APA has coordinated with several district branches to respond to various psilocybin and psychedelics legislation in the states. Since 2020, when Oregon became the first state to decriminalize the manufacturing and administration of psilocybin at licensed facilities, the APA has been assisting state district branches to respond. Six states have enacted legislation and over fifteen currently have proposed legislation. The bills provide for a variety of different measures from decriminalization, allowance for supervised use to pilot programs, research studies and creation of task forces. The APA believes the use of psychedelic and empathogenic agents for psychiatric and other medical indications is currently investigational. The safety and efficacy of these agents have not yet been fully reviewed by the FDA nor have these agents been approved for any clinical indication. For more information email [email protected].

District Branches Successfully Advocate to Protect Patient Safety

APA continues to collaborate with its district branches and state associations to oppose legislation that would expand scope of practice for non-physician providers without the necessary education and training. Most recently, Wisconsin Governor Evers and Oklahoma Governor Stitt each vetoed legislation that would have allowed for APRNs to practice independently.
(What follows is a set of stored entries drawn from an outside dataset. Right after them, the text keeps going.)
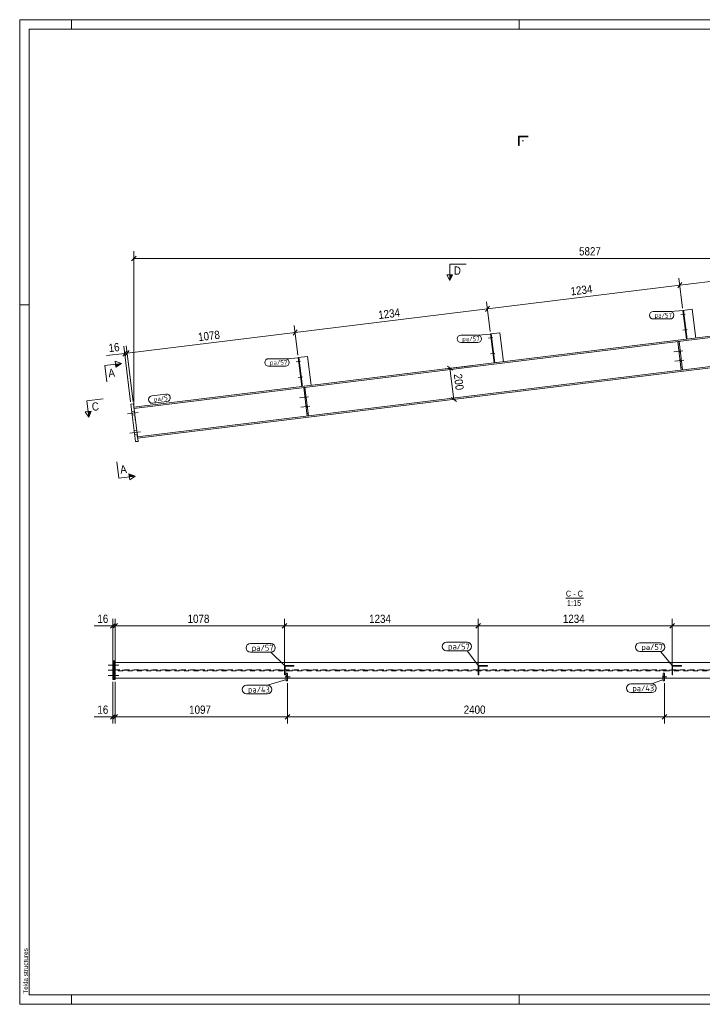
# Model space of a CAD drawing. Header units: millimetres. Extents: x 1 to 593, y 1 to 419.
# Tile 1 of 3: x 1 to 291, y 1 to 419. Entities that reach past the tile are written whole.
import ezdxf

# ---------------------------------------------------------------- set-up
doc = ezdxf.new("R2010")
doc.units = ezdxf.units.MM
for name, pattern in [('XKITLINE00', [0]), ('XKITLINE02', [4, 2, -2]), ('XKITLINE03', [6, 3, -1, 1, -1])]:
    doc.linetypes.add(name, pattern=pattern)
for name, color, linetype, lineweight in [('Bemassung', 1, 'Continuous', 0), ('Schnitt', 6, 'Continuous', 0), ('Schrauben', 7, 'Continuous', 0), ('Teil', 7, 'Continuous', 0), ('Text', 5, 'Continuous', 0), ('Ueberschrift', 7, 'Continuous', 0), ('Zeichnungsrahmen', 3, 'Continuous', 0)]:
    doc.layers.add(name, color=color, linetype=linetype, lineweight=lineweight)
doc.styles.add('ARIAL', font='ARIAL.TTF')
doc.styles.add('ISOCPEUR', font='ISOCPEUR.TTF')

msp = doc.modelspace()

# ---------------------------------------------------------------- hatches: boundary and pattern name
at = {"layer": 'Schnitt'}
for points in [[(184.82, 310.73), (183.57, 308.23), (183.57, 310.73)], [(41.67, 272.78), (44.16, 273.08), (41.83, 271.53)], [(31.33, 252.82), (30.4, 250.19), (30.09, 252.67)], [(47.4, 226.15), (50.03, 225.21), (47.55, 224.9)]]:
    msp.add_hatch(color=256, dxfattribs=at).paths.add_polyline_path(points, flags=17)

# ---------------------------------------------------------------- linework, layer by layer
at = {"layer": 'Bemassung', "linetype": 'XKITLINE00', "lineweight": 0}
for p, q in [((50.44, 318.61), (48.46, 316.63)), ((49.45, 255.54), (49.45, 320.67)), ((49.45, 317.62), (437.92, 317.62)), ((281.26, 306.26), (362.91, 316.28)), ((199.6, 296.23), (281.26, 306.26)), ((282.12, 307.36), (280.39, 305.15)), ((282.12, 307.36), (280.39, 305.15)), ((282.44, 296.58), (280.88, 309.28)), ((282.44, 296.58), (280.88, 309.28)), ((200.47, 297.33), (198.74, 295.13)), ((200.47, 297.33), (198.74, 295.13)), ((200.79, 286.56), (199.23, 299.26)), ((200.79, 286.56), (199.23, 299.26)), ((117.95, 286.21), (199.6, 296.23)), ((119.14, 276.53), (117.58, 289.23)), ((119.14, 276.53), (117.58, 289.23)), ((46.64, 277.45), (117.95, 286.21)), ((118.81, 287.31), (117.09, 285.1)), ((118.81, 287.31), (117.09, 285.1)), ((48.11, 256.73), (45.21, 280.35)), ((49.17, 256.86), (46.27, 280.48)), ((49.17, 256.86), (46.27, 280.48)), ((45.58, 277.32), (37.82, 276.37)), ((45.58, 277.32), (37.82, 276.37)), ((46.45, 278.42), (44.72, 276.22)), ((45.58, 277.32), (46.64, 277.45)), ((47.5, 278.55), (45.78, 276.35)), ((47.5, 278.55), (45.78, 276.35)), ((192.62, 272.12), (180.89, 270.68)), ((184.77, 270.16), (182.56, 271.88)), ((183.67, 271.02), (185.29, 257.79)), ((194.25, 258.89), (182.51, 257.45)), ((186.4, 256.93), (184.19, 258.65)), ((40.5, 139.83), (40.5, 164.66)), ((41.56, 139.83), (41.56, 164.66)), ((41.56, 139.83), (41.56, 164.66)), ((113.41, 141.83), (113.41, 164.66)), ((113.41, 141.83), (113.41, 164.66)), ((195.67, 141.83), (195.67, 164.66)), ((195.67, 141.83), (195.67, 164.66)), ((277.94, 141.83), (277.94, 164.66)), ((277.94, 141.83), (277.94, 164.66)), ((40.5, 161.61), (32.68, 161.61)), ((40.5, 161.61), (32.68, 161.61)), ((41.49, 162.6), (39.51, 160.62)), ((40.5, 161.61), (41.56, 161.61)), ((42.55, 162.6), (40.57, 160.62)), ((42.55, 162.6), (40.57, 160.62)), ((41.56, 161.61), (113.41, 161.61)), ((114.4, 162.6), (112.42, 160.62)), ((114.4, 162.6), (112.42, 160.62)), ((113.41, 161.61), (195.67, 161.61)), ((196.66, 162.6), (194.68, 160.62)), ((196.66, 162.6), (194.68, 160.62)), ((195.67, 161.61), (277.94, 161.61)), ((278.93, 162.6), (276.95, 160.62)), ((278.93, 162.6), (276.95, 160.62)), ((277.94, 161.61), (360.21, 161.61)), ((40.5, 137.83), (40.5, 120.24)), ((41.56, 137.83), (41.56, 120.24)), ((41.56, 137.83), (41.56, 120.24)), ((114.7, 137.29), (114.7, 120.24)), ((114.7, 137.29), (114.7, 120.24)), ((274.7, 137.29), (274.7, 120.24)), ((274.7, 137.29), (274.7, 120.24)), ((40.5, 123.04), (32.68, 123.04)), ((40.5, 123.04), (32.68, 123.04)), ((41.49, 124.03), (39.51, 122.05)), ((40.5, 123.04), (41.56, 123.04)), ((42.55, 124.03), (40.57, 122.05)), ((42.55, 124.03), (40.57, 122.05)), ((41.56, 123.04), (114.7, 123.04)), ((115.69, 124.03), (113.71, 122.05)), ((115.69, 124.03), (113.71, 122.05)), ((114.7, 123.04), (274.7, 123.04)), ((275.69, 124.03), (273.71, 122.05)), ((275.69, 124.03), (273.71, 122.05)), ((274.7, 123.04), (440.52, 123.04))]:
    msp.add_line(p, q, dxfattribs=at)
at = {"layer": 'Bemassung'}
for p in [(49.45, 317.62), (281.26, 306.26), (281.26, 306.26), (199.6, 296.23), (199.6, 296.23), (117.95, 286.21), (117.95, 286.21), (45.58, 277.32), (46.64, 277.45), (46.64, 277.45), (183.67, 271.02), (185.29, 257.79), (40.5, 161.61), (41.56, 161.61), (41.56, 161.61), (113.41, 161.61), (113.41, 161.61), (195.67, 161.61), (195.67, 161.61), (277.94, 161.61), (277.94, 161.61), (40.5, 123.04), (41.56, 123.04), (41.56, 123.04), (114.7, 123.04), (114.7, 123.04), (274.7, 123.04), (274.7, 123.04)]:
    msp.add_point(p, dxfattribs=at)
at = {"layer": 'Schnitt', "linetype": 'XKITLINE00', "lineweight": 0}
for p, q in [((183.57, 315.23), (190.57, 315.23)), ((183.57, 315.23), (183.57, 308.23)), ((183.57, 308.23), (182.32, 310.73)), ((184.82, 310.73), (182.32, 310.73)), ((183.57, 308.23), (184.82, 310.73)), ((37.21, 272.23), (44.16, 273.08)), ((37.21, 272.23), (38.06, 265.28)), ((41.83, 271.53), (41.52, 274.02)), ((41.52, 274.02), (44.16, 273.08)), ((44.16, 273.08), (41.83, 271.53)), ((29.54, 257.14), (36.49, 257.99)), ((29.54, 257.14), (30.4, 250.19)), ((31.33, 252.82), (28.85, 252.52)), ((30.4, 250.19), (28.85, 252.52)), ((30.4, 250.19), (31.33, 252.82)), ((43.09, 224.36), (42.23, 231.3)), ((50.03, 225.21), (47.4, 226.15)), ((47.4, 226.15), (47.71, 223.66)), ((43.09, 224.36), (50.03, 225.21)), ((50.03, 225.21), (47.71, 223.66))]:
    msp.add_line(p, q, dxfattribs=at)
at = {"layer": 'Schrauben', "linetype": 'XKITLINE00', "lineweight": 0}
for p, q in [((283.56, 294.04), (281.71, 293.81)), ((282.98, 294.43), (282.71, 294.4)), ((283.09, 293.51), (282.83, 293.47)), ((201.32, 284.41), (201.06, 284.38)), ((284.38, 287.42), (282.52, 287.19)), ((283.79, 287.82), (283.52, 287.78)), ((283.9, 286.89), (283.64, 286.86)), ((201.91, 284.01), (200.06, 283.78)), ((201.44, 283.48), (201.17, 283.45)), ((202.72, 277.39), (200.87, 277.16)), ((202.14, 277.79), (201.87, 277.76)), ((202.25, 276.86), (201.99, 276.83)), ((282.49, 278.45), (278.65, 277.98)), ((281.37, 278.79), (280.84, 278.72)), ((281.48, 277.86), (280.95, 277.8)), ((120.26, 273.98), (118.4, 273.76)), ((119.67, 274.38), (119.41, 274.35)), ((119.78, 273.46), (119.52, 273.42)), ((282.97, 274.48), (279.13, 274.01)), ((281.86, 274.82), (281.33, 274.75)), ((281.97, 273.89), (281.44, 273.83)), ((120.48, 267.76), (120.22, 267.73)), ((121.07, 267.37), (119.22, 267.14)), ((120.6, 266.84), (120.33, 266.81)), ((122.56, 259.29), (122.03, 259.22)), ((123.68, 258.96), (119.84, 258.48)), ((124.17, 254.99), (120.33, 254.51)), ((122.68, 258.36), (122.15, 258.3)), ((123.05, 255.32), (122.52, 255.25)), ((46.79, 251.66), (51.29, 252.22)), ((46.79, 251.66), (51.29, 252.22)), ((48.62, 252.63), (49.67, 252.76)), ((48.62, 252.63), (49.67, 252.76)), ((48.79, 251.17), (49.85, 251.3)), ((48.79, 251.17), (49.85, 251.3)), ((123.16, 254.39), (122.63, 254.33)), ((47.79, 243.46), (52.29, 244.01)), ((47.79, 243.46), (52.29, 244.01)), ((49.62, 244.42), (50.68, 244.55)), ((49.62, 244.42), (50.68, 244.55)), ((49.8, 242.97), (50.86, 243.1)), ((49.8, 242.97), (50.86, 243.1)), ((38.56, 145.03), (43.1, 145.03)), ((38.56, 145.03), (43.1, 145.03)), ((40.5, 145.76), (41.56, 145.76)), ((40.5, 145.76), (41.56, 145.76)), ((40.5, 144.3), (41.56, 144.3)), ((40.5, 144.3), (41.56, 144.3)), ((38.56, 140.63), (43.1, 140.63)), ((38.56, 140.63), (43.1, 140.63)), ((40.5, 141.36), (41.56, 141.36)), ((40.5, 141.36), (41.56, 141.36)), ((40.5, 139.9), (41.56, 139.9)), ((40.5, 139.9), (41.56, 139.9))]:
    msp.add_line(p, q, dxfattribs=at)
at = {"layer": 'Schrauben', "linetype": 'XKITLINE02', "lineweight": 0}
for p, q in [((115.77, 139.96), (111.9, 139.96)), ((115.77, 139.96), (111.9, 139.96)), ((114.7, 140.42), (114.17, 140.42)), ((114.7, 140.42), (114.17, 140.42)), ((114.7, 139.49), (114.17, 139.49)), ((114.7, 139.49), (114.17, 139.49)), ((275.77, 139.96), (271.9, 139.96)), ((275.77, 139.96), (271.9, 139.96)), ((274.7, 140.42), (274.17, 140.42)), ((274.7, 140.42), (274.17, 140.42)), ((274.7, 139.49), (274.17, 139.49)), ((274.7, 139.49), (274.17, 139.49))]:
    msp.add_line(p, q, dxfattribs=at)
at = {"layer": 'Teil', "linetype": 'XKITLINE00', "lineweight": 0}
for p, q in [((212.77, 365.52), (212.77, 369.52)), ((212.77, 369.52), (216.85, 369.52)), ((213.04, 365.52), (213.04, 369.25)), ((213.04, 369.25), (216.85, 369.25)), ((216.74, 369.25), (216.74, 369.52)), ((212.77, 365.52), (213.09, 365.52)), ((437.92, 302.24), (49.45, 254.54)), ((49.52, 253.98), (437.92, 301.67)), ((286.54, 296.08), (282.57, 295.59)), ((282.57, 295.59), (284.07, 283.35)), ((282.83, 295.62), (284.33, 283.38)), ((286.54, 296.08), (288.04, 283.84)), ((204.88, 286.05), (200.91, 285.57)), ((200.91, 285.57), (202.42, 273.32)), ((201.18, 285.6), (202.68, 273.36)), ((204.88, 286.05), (206.39, 273.81)), ((280.93, 282.37), (280.4, 282.31)), ((280.4, 282.31), (281.88, 270.24)), ((280.93, 282.37), (282.41, 270.3)), ((51.01, 241.87), (348.52, 278.4)), ((51.08, 241.31), (349.08, 277.9)), ((123.23, 276.03), (119.26, 275.54)), ((123.23, 276.03), (124.73, 263.79)), ((119.26, 275.54), (120.76, 263.3)), ((119.52, 275.57), (121.03, 263.33)), ((281.88, 270.24), (282.41, 270.3)), ((122.12, 262.87), (121.59, 262.81)), ((121.59, 262.81), (123.07, 250.74)), ((122.12, 262.87), (123.6, 250.81)), ((49.29, 255.87), (48.23, 255.74)), ((48.23, 255.74), (50.18, 239.86)), ((51.24, 239.99), (49.29, 255.87)), ((123.07, 250.74), (123.6, 250.81)), ((50.18, 239.86), (51.24, 239.99)), ((40.5, 146.37), (40.95, 146.83)), ((40.5, 146.02), (41.31, 146.83)), ((40.5, 138.83), (40.5, 146.83)), ((40.5, 146.83), (41.56, 146.83)), ((40.5, 145.3), (41.56, 146.36)), ((41.56, 146.83), (41.56, 138.83)), ((40.5, 144.94), (41.56, 146)), ((40.5, 144.22), (41.56, 145.29)), ((40.5, 143.86), (41.56, 144.93)), ((40.5, 143.14), (41.56, 144.21)), ((40.5, 142.78), (41.56, 143.85)), ((40.5, 142.06), (41.56, 143.13)), ((40.5, 141.71), (41.56, 142.77)), ((41.56, 146.16), (432.94, 146.16)), ((113.41, 140.83), (113.41, 144.83)), ((113.41, 144.83), (117.41, 144.83)), ((113.67, 141.91), (113.41, 142.18)), ((113.71, 144.56), (113.45, 144.83)), ((117.41, 144.56), (113.67, 144.56)), ((113.67, 140.83), (113.67, 144.56)), ((115.06, 144.56), (114.79, 144.83)), ((117.41, 144.83), (117.41, 144.56)), ((195.67, 140.83), (195.67, 144.83)), ((195.67, 144.83), (199.67, 144.83)), ((195.94, 141.91), (195.67, 142.18)), ((195.98, 144.56), (195.71, 144.83)), ((199.67, 144.56), (195.94, 144.56)), ((195.94, 140.83), (195.94, 144.56)), ((197.33, 144.56), (197.06, 144.83)), ((199.67, 144.83), (199.67, 144.56)), ((277.94, 140.83), (277.94, 144.83)), ((277.94, 144.83), (281.94, 144.83)), ((278.21, 141.91), (277.94, 142.18)), ((278.25, 144.56), (277.98, 144.83)), ((281.94, 144.56), (278.21, 144.56)), ((278.21, 140.83), (278.21, 144.56)), ((279.59, 144.56), (279.33, 144.83)), ((281.94, 144.83), (281.94, 144.56)), ((40.5, 140.99), (41.56, 142.05)), ((40.5, 140.63), (41.56, 141.69)), ((40.5, 139.91), (41.56, 140.98)), ((40.5, 139.55), (41.56, 140.62)), ((40.5, 138.83), (41.56, 139.9)), ((41.56, 138.83), (40.5, 138.83)), ((40.86, 138.83), (41.56, 139.54)), ((432.94, 139.5), (41.56, 139.5)), ((113.67, 140.83), (113.41, 140.83)), ((114.17, 138.29), (114.17, 139.5)), ((114.17, 138.29), (114.7, 138.29)), ((114.7, 138.29), (114.7, 139.5)), ((195.94, 140.83), (195.67, 140.83)), ((274.17, 138.29), (274.17, 139.5)), ((274.17, 138.29), (274.7, 138.29)), ((274.7, 138.29), (274.7, 139.5)), ((278.21, 140.83), (277.94, 140.83))]:
    msp.add_line(p, q, dxfattribs=at)
at = {"layer": 'Teil', "linetype": 'XKITLINE03', "lineweight": 0}
for p, q in [((214.84, 367.52), (214.39, 367.52)), ((38.56, 142.83), (435.13, 142.83)), ((115.41, 142.83), (115.41, 142.83)), ((197.67, 142.83), (197.67, 142.83)), ((279.94, 142.83), (279.94, 142.83))]:
    msp.add_line(p, q, dxfattribs=at)
at = {"layer": 'Teil', "linetype": 'XKITLINE02', "lineweight": 0}
for p, q in [((280.52, 281.3), (281.05, 281.36)), ((284.07, 283.35), (288.04, 283.84)), ((202.42, 273.32), (206.39, 273.81)), ((282.29, 271.32), (281.76, 271.25)), ((120.76, 263.3), (124.73, 263.79)), ((121.72, 261.8), (122.25, 261.86)), ((49.45, 254.54), (51.08, 241.31)), ((123.48, 251.82), (122.95, 251.75)), ((41.56, 146.16), (41.56, 139.5)), ((41.56, 143.02), (432.87, 143.02)), ((432.87, 142.64), (41.56, 142.64)), ((113.41, 140.83), (113.41, 144.83)), ((113.67, 144.56), (113.67, 140.83)), ((114.17, 142.62), (114.7, 142.62)), ((114.17, 139.5), (114.17, 142.62)), ((114.7, 139.5), (114.7, 142.62)), ((117.41, 144.83), (117.41, 144.56)), ((195.67, 140.83), (195.67, 144.83)), ((195.94, 144.56), (195.94, 140.83)), ((199.67, 144.83), (199.67, 144.56)), ((274.17, 142.62), (274.7, 142.62)), ((274.17, 139.5), (274.17, 142.62)), ((274.7, 139.5), (274.7, 142.62)), ((277.94, 140.83), (277.94, 144.83)), ((278.21, 144.56), (278.21, 140.83)), ((281.94, 144.83), (281.94, 144.56)), ((114.17, 141.6), (114.7, 141.6)), ((274.17, 141.6), (274.7, 141.6))]:
    msp.add_line(p, q, dxfattribs=at)
at = {"layer": 'Text', "linetype": 'XKITLINE00', "lineweight": 0}
for p, q in [((269.94, 295.14), (277.15, 295.14)), ((282.82, 295.54), (277.15, 295.14)), ((277.15, 291.94), (269.94, 291.94)), ((188.28, 285.11), (195.5, 285.11)), ((201.16, 285.51), (195.5, 285.11)), ((195.5, 281.91), (188.28, 281.91)), ((106.63, 275.08), (113.85, 275.08)), ((113.85, 271.88), (106.63, 271.88)), ((119.51, 275.48), (113.85, 275.08)), ((57.14, 259.32), (63.11, 260.05)), ((63.5, 256.87), (57.53, 256.14)), ((182.26, 154.73), (190.98, 154.73)), ((98.95, 154.21), (107.67, 154.21)), ((98.95, 150.51), (107.67, 150.51)), ((113.56, 144.68), (107.67, 150.51)), ((182.26, 151.03), (190.98, 151.03)), ((195.82, 144.68), (190.98, 151.03)), ((264.32, 154.52), (273.04, 154.52)), ((264.32, 150.82), (273.04, 150.82)), ((278.09, 144.68), (273.04, 150.82)), ((114.27, 138.91), (106.24, 136.47)), ((274.27, 138.91), (269.42, 137.02)), ((97.3, 136.47), (106.24, 136.47)), ((260.48, 137.02), (269.42, 137.02)), ((97.3, 132.77), (106.24, 132.77)), ((260.48, 133.32), (269.42, 133.32))]:
    msp.add_line(p, q, dxfattribs=at)
for centre, radius, start, end in [((269.94, 293.54), 1.6, 90, 270), ((277.15, 293.54), 1.6, 270, 90), ((188.28, 283.51), 1.6, 90, 270), ((195.5, 283.51), 1.6, 270, 90), ((106.63, 273.48), 1.6, 90, 270), ((113.85, 273.48), 1.6, 270, 90), ((57.34, 257.73), 1.6, 97, 277), ((63.31, 258.46), 1.6, 277, 97), ((182.26, 152.88), 1.85, 90, 270), ((190.98, 152.88), 1.85, 270, 90), ((98.95, 152.36), 1.85, 90, 270), ((107.67, 152.36), 1.85, 270, 90), ((264.32, 152.67), 1.85, 90, 270), ((273.04, 152.67), 1.85, 270, 90), ((97.3, 134.62), 1.85, 90, 270), ((106.24, 134.62), 1.85, 270, 90), ((260.48, 135.17), 1.85, 90, 270), ((269.42, 135.17), 1.85, 270, 90)]:
    msp.add_arc(centre, radius, start, end, dxfattribs=at)
at = {"layer": 'Ueberschrift', "linetype": 'XKITLINE00', "lineweight": 0}
msp.add_line((232.89, 173.36), (240.31, 173.36), dxfattribs=at)
at = {"layer": 'Zeichnungsrahmen', "linetype": 'XKITLINE00', "lineweight": 0}
for p, q in [((593, 419), (1, 419)), ((1, 419), (1, 1)), ((23, 415), (23, 419)), ((213, 415), (213, 419)), ((589, 415), (5, 415)), ((5, 415), (5, 5)), ((5, 298), (1, 298)), ((5, 5), (589, 5)), ((23, 1), (23, 5)), ((213, 1), (213, 5)), ((1, 1), (593, 1))]:
    msp.add_line(p, q, dxfattribs=at)

# ---------------------------------------------------------------- texts
at = {"layer": 'Bemassung', "style": 'ARIAL', "width": 0.85}
for s, p in [('5827', (238.49, 318.92)), ('16', (33.99, 162.91)), ('1078', (72.29, 162.91)), ('1234', (149.35, 162.91)), ('1234', (231.61, 162.91)), ('16', (33.99, 124.34)), ('1097', (72.94, 124.34)), ('2400', (189.51, 124.34))]:
    msp.add_text(s, height=3.5, dxfattribs=at).set_placement(p)
for s, rotation, p in [('1234', 7.0015, (235.12, 301.9)), ('1234', 7.0015, (153.46, 291.88)), ('1078', 7.0015, (76.98, 282.49)), ('16', 7.0015, (38.97, 277.82)), ('200', -82.9987, (185.3, 268.43))]:
    msp.add_text(s, height=3.5, rotation=rotation, dxfattribs=at).set_placement(p)
at = {"layer": 'Schnitt', "style": 'ARIAL', "width": 0.85}
msp.add_text('D', height=3.5, dxfattribs=at).set_placement((185.32, 310.73))
for s, p in [('A', (38.84, 267.14)), ('C', (31.83, 252.88)), ('A', (43.87, 226.22))]:
    msp.add_text(s, height=3.5, rotation=7.0015, dxfattribs=at).set_placement(p)
at = {"layer": 'Text', "style": 'ISOCPEUR', "width": 0.85}
for s, height, p in [('pa/57', 2, (270.54, 292.54)), ('pa/57', 2, (188.88, 282.51)), ('pa/57', 2, (107.23, 272.48)), ('pa/57', 2.5, (99.55, 151.11)), ('pa/57', 2.5, (182.86, 151.63)), ('pa/57', 2.5, (264.92, 151.42)), ('pa/43', 2.5, (97.9, 133.37)), ('pa/43', 2.5, (261.08, 133.92))]:
    msp.add_text(s, height=height, dxfattribs=at).set_placement(p)
msp.add_text('pa/5', height=2, rotation=7.0015, dxfattribs=at).set_placement((58.06, 256.81))
at = {"layer": 'Ueberschrift', "style": 'ARIAL', "width": 0.85}
for s, p in [('C', (232.89, 174.11)), ('C', (237.9, 174.11)), ('1:15', (233.35, 170.11)), ('-', (236.04, 174.11))]:
    msp.add_text(s, height=2.5, dxfattribs=at).set_placement(p)
at = {"layer": 'Zeichnungsrahmen', "style": 'ARIAL', "width": 0.85}
msp.add_text('Tekla structures', height=2, rotation=90, dxfattribs=at).set_placement((4.5, 5.5))

doc.saveas('drawing.dxf')

For more information on APA advocacy-related resources, such as talking points and calls to action, please contact [email protected].

Partnership Activities

APA Discusses Nursing Home Policies and Prescribing of Antipsychotics

APA has been engaged with outside partners (i.e., AMA, AAGP, AMDA - The Society for Post-Acute and Long-Term Care Medicine, American Society for Consultant Pharmacists, etc.) to discuss nursing home policies related to the prescribing of antipsychotics. The focus has been to remove current barriers to appropriate prescribing of antipsychotics in nursing homes. The groups have similar concerns about the existing quality measure that looks only at the number of patients receiving antipsychotics for anything other than Schizophrenia, Huntington’s Disease, or Tourette Syndrome versus the appropriateness of the prescription. The limitations of the measure have had a detrimental impact on patient care by restricting the ability to continue or prescribe for a set of patients for whom that is the most appropriate course of care. APA will be working with other stakeholders to educate Congress and CMS as to the limitations of the measure and unintended consequences in an effort to implement a quality measure that reflects the current evidence and encourages appropriate prescribing.